Pemerintah Kabupaten Sleman meraih opini Wajar Tanpa Pengecualian (WTP) untuk 12 kali secara berturut-turut dari Badan Pemeriksa Keuangan atas pemeriksaan Laporan Keuangan Pemerintah Kabupaten Sleman Tahun Anggaran 2022. Predikat opini WTP tersebut disampaikan oleh Kepala BPK Perwakilan DIY, Widhi Widayat di Kantor BPK Perwakilan DIY pada Jumat (3/3).
Hadir dalam acara tersebut Bupati Sleman Kustini Sri Purnomo, Sekretaris Daerah Harda Kiswaya, Wakil Ketua DPRD Kabupaten Sleman Sukaptana, Inspektur Kabupaten Sleman Heri Dwi Kuryanto, Kepala BKAD Sleman Haris Sutarta beserta jajaran.
“Berdasarkan pemeriksaan yang telah dilakukan BPK atas Laporan Keuangan Pemerintah Kabupaten Sleman Tahun Anggaran 2022 termasuk implementasi atas rencana aksi yang telah dilaksanakan, maka BPK memberikan opini Wajar Tanpa Pengecualian (WTP) atas Laporan Keuangan Pemerintah Kabupaten Sleman Tahun Anggaran 2022,” tutur Widhi.
Widhi menyampaikan bahwa predikat yang diraih Pemkab Sleman ini menunjukkan komitmen dan upaya nyata DPRD serta manajemen Pemerintah Kabupaten Sleman untuk terus mendorong perbaikan pengelolaan keuangan, dengan menjalankan dan menerapkan praktik-praktik pengelolaan keuangan yang baik.

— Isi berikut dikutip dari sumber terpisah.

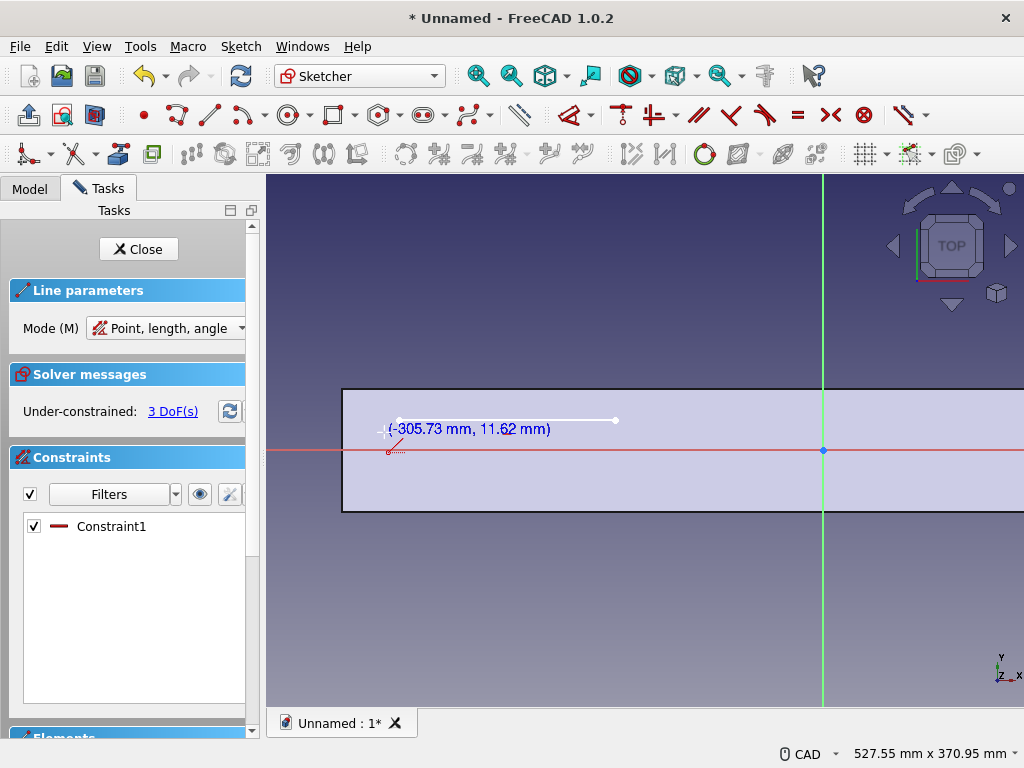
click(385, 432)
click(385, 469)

Kustini, Bupati Sleman menyampaikan terima kasih kepada BPK yang telah menyelesaikan pemeriksaan rinci Laporan Keuangan Pemerintah Kabupaten Sleman Tahun Anggaran 2022. “Pemeriksaan ini menjadi salah satu komponen evaluasi yang strategis bagi Pemkab Sleman untuk melihat seberapa efisien penggunaan anggaran di tahun 2022 lalu sesuai dengan peraturan perundang-undangan yang berlaku,” ucapnya.
Laporan Hasil Pemeriksaan yang diterima Pemkab Sleman menjadi bukti dari komitmen Pemkab Sleman dalam mewujudkan tata kelola pemerintahan yang baik. Kustini menyebut Pemkab Sleman terus berupaya untuk meningkatkan kualitas laporan keuangan daerah sehingga berhasil mewujudkan pengelolaan anggaran yang efektif dan efisien.
“Syukur Alhamdulillah pada tahun ini Sleman masih berhasil mempertahankan opini WTP atas LKPD Tahun 2022. Predikat ini merupakan opini WTP yang kami peroleh selama 12 tahun berturut-turut. Predikat ini mendorong kami untuk terus meningkatkan kualitas pengelolaan keuangan yang transparan, akuntabel dan profesional untuk mewujudkan good governance,” imbuh Kustini.